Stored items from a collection
==========

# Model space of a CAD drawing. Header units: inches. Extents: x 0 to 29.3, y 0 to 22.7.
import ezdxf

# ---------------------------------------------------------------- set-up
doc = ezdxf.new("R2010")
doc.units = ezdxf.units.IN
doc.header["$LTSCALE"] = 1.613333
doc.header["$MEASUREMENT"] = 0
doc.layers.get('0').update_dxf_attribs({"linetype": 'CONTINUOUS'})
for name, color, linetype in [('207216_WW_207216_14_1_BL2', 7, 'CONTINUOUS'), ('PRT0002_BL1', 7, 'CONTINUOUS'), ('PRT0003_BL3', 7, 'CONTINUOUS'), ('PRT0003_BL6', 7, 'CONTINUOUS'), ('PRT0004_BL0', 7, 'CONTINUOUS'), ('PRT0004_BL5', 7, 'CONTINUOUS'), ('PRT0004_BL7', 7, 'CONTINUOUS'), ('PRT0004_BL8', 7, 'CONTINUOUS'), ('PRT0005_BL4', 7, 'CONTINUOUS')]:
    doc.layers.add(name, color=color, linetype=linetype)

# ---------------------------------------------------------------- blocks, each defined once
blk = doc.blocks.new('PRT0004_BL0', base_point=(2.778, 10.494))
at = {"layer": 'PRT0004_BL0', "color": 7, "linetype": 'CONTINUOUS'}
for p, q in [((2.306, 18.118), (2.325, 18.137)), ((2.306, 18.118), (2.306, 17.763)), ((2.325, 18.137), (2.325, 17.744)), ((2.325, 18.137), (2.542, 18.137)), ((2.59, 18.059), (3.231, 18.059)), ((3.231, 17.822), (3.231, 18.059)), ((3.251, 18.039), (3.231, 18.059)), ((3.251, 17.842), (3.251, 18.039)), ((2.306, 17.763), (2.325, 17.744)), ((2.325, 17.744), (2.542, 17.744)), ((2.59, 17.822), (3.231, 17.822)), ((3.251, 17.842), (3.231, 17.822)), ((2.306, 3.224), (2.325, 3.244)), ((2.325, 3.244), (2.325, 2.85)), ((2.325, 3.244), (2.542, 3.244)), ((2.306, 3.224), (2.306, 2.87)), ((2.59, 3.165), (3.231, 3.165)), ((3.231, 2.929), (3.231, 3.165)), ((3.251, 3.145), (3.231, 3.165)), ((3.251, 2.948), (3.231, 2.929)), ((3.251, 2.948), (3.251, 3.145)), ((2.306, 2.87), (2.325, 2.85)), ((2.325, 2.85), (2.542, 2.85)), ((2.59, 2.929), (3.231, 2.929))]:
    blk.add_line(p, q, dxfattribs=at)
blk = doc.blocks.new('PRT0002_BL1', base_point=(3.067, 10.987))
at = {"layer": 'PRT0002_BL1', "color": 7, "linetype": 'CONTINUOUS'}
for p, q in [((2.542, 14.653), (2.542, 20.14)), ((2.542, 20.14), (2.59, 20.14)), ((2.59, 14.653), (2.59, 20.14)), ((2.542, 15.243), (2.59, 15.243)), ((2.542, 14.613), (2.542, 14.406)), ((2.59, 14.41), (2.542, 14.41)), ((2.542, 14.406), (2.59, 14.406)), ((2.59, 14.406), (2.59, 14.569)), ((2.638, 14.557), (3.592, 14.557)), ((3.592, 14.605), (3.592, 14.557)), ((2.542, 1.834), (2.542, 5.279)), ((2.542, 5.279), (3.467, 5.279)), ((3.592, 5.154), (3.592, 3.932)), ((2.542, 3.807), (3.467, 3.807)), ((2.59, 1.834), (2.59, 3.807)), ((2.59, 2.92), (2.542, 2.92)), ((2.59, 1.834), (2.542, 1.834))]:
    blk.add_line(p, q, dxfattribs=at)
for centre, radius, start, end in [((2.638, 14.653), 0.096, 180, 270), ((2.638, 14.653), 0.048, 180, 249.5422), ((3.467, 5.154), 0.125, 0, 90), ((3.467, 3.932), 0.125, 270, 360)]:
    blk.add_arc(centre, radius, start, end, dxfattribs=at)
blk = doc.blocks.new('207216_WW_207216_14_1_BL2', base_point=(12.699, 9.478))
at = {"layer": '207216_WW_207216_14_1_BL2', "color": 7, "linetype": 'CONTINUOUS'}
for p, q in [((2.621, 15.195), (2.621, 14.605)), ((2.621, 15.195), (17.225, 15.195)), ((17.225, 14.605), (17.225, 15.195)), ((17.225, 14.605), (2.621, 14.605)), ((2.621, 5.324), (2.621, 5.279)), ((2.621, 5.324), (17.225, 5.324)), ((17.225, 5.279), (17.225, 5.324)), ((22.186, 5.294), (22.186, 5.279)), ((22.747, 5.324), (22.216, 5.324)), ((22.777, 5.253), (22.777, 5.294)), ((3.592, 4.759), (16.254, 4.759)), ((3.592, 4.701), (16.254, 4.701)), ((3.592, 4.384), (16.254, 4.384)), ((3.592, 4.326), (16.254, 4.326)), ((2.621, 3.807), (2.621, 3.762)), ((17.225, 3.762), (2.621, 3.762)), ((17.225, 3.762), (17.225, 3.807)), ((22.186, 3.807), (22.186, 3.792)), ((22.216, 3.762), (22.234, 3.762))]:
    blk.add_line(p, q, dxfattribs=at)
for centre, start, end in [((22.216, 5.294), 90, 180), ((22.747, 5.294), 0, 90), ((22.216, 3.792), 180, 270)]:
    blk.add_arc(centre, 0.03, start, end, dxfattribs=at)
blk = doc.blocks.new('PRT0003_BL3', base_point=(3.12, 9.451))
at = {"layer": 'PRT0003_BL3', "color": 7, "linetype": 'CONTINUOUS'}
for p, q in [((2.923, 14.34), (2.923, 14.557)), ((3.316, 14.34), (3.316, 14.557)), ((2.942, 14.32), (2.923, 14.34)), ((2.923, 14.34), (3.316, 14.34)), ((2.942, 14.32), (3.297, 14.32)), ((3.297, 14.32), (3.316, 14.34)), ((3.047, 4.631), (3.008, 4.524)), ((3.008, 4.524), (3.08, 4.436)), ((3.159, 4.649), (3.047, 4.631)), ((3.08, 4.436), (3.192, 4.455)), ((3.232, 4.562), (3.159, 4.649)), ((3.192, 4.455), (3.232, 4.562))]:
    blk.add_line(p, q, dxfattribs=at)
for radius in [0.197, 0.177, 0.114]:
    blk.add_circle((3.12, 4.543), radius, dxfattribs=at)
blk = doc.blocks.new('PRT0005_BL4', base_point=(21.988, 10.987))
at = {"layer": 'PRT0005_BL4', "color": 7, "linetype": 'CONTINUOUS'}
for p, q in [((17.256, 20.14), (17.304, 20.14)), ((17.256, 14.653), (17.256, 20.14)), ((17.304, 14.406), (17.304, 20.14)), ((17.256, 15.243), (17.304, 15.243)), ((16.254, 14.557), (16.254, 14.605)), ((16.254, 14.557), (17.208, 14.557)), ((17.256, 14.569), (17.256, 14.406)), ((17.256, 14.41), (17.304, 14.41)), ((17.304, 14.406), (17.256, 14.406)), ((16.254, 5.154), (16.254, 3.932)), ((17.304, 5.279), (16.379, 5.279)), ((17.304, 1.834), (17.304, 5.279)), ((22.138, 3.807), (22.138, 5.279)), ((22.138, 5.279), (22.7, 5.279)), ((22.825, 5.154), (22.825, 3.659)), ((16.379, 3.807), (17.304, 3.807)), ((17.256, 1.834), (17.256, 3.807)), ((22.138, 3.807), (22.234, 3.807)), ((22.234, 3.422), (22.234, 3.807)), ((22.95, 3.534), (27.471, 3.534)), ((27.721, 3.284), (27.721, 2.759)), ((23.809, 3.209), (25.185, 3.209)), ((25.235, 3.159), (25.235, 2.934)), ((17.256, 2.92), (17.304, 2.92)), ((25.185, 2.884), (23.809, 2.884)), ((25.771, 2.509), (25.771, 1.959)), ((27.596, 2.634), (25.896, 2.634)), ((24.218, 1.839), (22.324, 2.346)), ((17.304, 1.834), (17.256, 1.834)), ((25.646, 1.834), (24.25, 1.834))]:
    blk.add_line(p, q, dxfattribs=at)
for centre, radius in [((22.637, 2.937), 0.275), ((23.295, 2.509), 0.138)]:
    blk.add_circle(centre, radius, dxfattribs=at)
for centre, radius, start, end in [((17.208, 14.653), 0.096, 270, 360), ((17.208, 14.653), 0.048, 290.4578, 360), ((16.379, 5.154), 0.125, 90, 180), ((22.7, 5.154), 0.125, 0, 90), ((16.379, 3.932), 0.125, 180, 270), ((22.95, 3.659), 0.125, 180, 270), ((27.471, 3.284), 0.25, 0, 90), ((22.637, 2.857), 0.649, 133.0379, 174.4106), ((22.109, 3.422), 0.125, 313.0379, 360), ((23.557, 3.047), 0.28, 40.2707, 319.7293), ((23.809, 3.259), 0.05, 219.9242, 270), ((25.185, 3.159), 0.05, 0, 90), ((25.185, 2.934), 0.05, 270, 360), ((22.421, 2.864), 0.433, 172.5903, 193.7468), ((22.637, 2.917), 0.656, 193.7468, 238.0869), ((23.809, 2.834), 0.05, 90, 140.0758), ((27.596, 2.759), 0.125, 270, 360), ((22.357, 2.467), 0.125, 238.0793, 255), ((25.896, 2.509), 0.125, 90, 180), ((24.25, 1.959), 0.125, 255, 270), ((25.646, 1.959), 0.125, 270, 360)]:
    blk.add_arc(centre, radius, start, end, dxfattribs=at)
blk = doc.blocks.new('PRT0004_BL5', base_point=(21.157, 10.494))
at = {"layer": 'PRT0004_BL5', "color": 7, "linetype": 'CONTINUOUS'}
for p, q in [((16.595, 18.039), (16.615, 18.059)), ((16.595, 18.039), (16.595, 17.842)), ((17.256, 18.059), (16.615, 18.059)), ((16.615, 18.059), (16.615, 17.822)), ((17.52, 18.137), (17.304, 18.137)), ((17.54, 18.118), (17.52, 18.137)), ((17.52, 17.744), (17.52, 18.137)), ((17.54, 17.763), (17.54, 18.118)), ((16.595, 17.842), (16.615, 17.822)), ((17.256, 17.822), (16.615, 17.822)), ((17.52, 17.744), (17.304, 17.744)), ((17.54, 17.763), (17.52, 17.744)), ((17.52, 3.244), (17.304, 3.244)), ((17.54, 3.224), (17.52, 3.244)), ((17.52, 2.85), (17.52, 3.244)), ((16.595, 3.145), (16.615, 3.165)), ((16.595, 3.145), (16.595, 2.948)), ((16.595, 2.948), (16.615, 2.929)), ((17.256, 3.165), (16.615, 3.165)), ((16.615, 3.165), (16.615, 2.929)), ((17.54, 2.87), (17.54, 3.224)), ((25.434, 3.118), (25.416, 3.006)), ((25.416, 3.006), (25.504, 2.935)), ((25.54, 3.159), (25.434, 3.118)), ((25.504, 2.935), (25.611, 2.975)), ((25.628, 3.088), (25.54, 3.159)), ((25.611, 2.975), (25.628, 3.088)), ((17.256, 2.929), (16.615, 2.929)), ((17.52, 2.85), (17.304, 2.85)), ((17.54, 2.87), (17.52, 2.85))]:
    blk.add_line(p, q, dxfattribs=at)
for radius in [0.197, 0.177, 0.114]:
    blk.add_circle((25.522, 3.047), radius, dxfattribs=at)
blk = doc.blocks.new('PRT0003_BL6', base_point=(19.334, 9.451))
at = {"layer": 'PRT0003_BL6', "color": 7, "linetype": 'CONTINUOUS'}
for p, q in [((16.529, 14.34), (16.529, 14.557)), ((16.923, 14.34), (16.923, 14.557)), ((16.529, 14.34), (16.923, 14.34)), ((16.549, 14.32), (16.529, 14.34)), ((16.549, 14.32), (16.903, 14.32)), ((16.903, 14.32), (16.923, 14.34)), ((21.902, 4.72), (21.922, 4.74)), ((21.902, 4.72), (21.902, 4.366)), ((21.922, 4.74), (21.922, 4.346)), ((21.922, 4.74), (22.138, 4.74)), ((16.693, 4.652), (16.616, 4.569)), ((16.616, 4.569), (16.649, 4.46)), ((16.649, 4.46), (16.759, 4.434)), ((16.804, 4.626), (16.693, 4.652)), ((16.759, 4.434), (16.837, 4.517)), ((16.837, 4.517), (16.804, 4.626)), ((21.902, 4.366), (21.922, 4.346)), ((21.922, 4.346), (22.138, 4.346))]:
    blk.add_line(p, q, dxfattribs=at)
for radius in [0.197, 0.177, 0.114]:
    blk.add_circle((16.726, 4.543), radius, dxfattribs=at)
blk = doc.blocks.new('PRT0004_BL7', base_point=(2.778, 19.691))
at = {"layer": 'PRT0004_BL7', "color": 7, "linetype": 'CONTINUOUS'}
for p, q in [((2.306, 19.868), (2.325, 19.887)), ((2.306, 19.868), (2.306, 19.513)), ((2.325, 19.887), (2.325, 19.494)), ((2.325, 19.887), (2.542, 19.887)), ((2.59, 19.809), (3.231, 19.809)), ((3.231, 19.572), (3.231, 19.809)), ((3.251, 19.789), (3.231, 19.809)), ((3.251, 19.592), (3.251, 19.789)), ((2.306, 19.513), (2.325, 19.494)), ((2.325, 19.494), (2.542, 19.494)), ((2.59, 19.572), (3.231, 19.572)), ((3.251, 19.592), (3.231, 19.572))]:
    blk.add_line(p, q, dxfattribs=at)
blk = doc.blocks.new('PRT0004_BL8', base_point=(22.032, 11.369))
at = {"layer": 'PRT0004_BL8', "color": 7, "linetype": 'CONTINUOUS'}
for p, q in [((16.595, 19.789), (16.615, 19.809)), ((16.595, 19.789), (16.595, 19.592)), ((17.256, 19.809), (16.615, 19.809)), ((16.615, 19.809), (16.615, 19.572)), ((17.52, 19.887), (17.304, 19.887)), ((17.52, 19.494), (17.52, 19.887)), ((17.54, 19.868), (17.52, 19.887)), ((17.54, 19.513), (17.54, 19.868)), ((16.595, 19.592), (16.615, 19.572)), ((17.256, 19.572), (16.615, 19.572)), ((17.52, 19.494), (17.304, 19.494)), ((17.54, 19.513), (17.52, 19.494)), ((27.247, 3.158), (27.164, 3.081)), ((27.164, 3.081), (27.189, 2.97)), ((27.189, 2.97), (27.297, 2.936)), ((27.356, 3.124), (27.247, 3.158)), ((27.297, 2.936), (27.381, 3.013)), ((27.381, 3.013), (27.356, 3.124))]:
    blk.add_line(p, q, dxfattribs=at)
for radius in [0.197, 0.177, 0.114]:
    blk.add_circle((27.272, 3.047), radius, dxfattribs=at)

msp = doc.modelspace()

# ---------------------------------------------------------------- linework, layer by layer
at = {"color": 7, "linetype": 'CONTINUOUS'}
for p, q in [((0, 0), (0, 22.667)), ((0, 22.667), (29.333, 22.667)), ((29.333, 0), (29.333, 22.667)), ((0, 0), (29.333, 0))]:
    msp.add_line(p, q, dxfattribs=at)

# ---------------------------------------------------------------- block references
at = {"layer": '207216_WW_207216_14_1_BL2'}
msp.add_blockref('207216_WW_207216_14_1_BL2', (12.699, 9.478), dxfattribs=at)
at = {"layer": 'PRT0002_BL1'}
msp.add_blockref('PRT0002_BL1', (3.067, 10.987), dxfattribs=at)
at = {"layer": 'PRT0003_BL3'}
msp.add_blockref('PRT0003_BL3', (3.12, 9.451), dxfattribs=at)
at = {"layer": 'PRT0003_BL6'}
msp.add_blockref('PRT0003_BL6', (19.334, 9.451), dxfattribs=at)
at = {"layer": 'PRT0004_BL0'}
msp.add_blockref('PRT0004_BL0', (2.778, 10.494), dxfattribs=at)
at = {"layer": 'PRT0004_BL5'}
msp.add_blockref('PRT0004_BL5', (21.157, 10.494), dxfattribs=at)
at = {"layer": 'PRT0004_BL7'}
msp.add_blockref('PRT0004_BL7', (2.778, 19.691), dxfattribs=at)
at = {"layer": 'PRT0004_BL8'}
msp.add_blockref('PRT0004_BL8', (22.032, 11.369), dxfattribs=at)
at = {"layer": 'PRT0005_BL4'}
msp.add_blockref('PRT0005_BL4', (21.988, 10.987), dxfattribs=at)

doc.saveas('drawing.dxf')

==========

### Problem requirements
Give the number of lines in the records above that contain the word "layers", and nothing more.

### Response to the exercise
2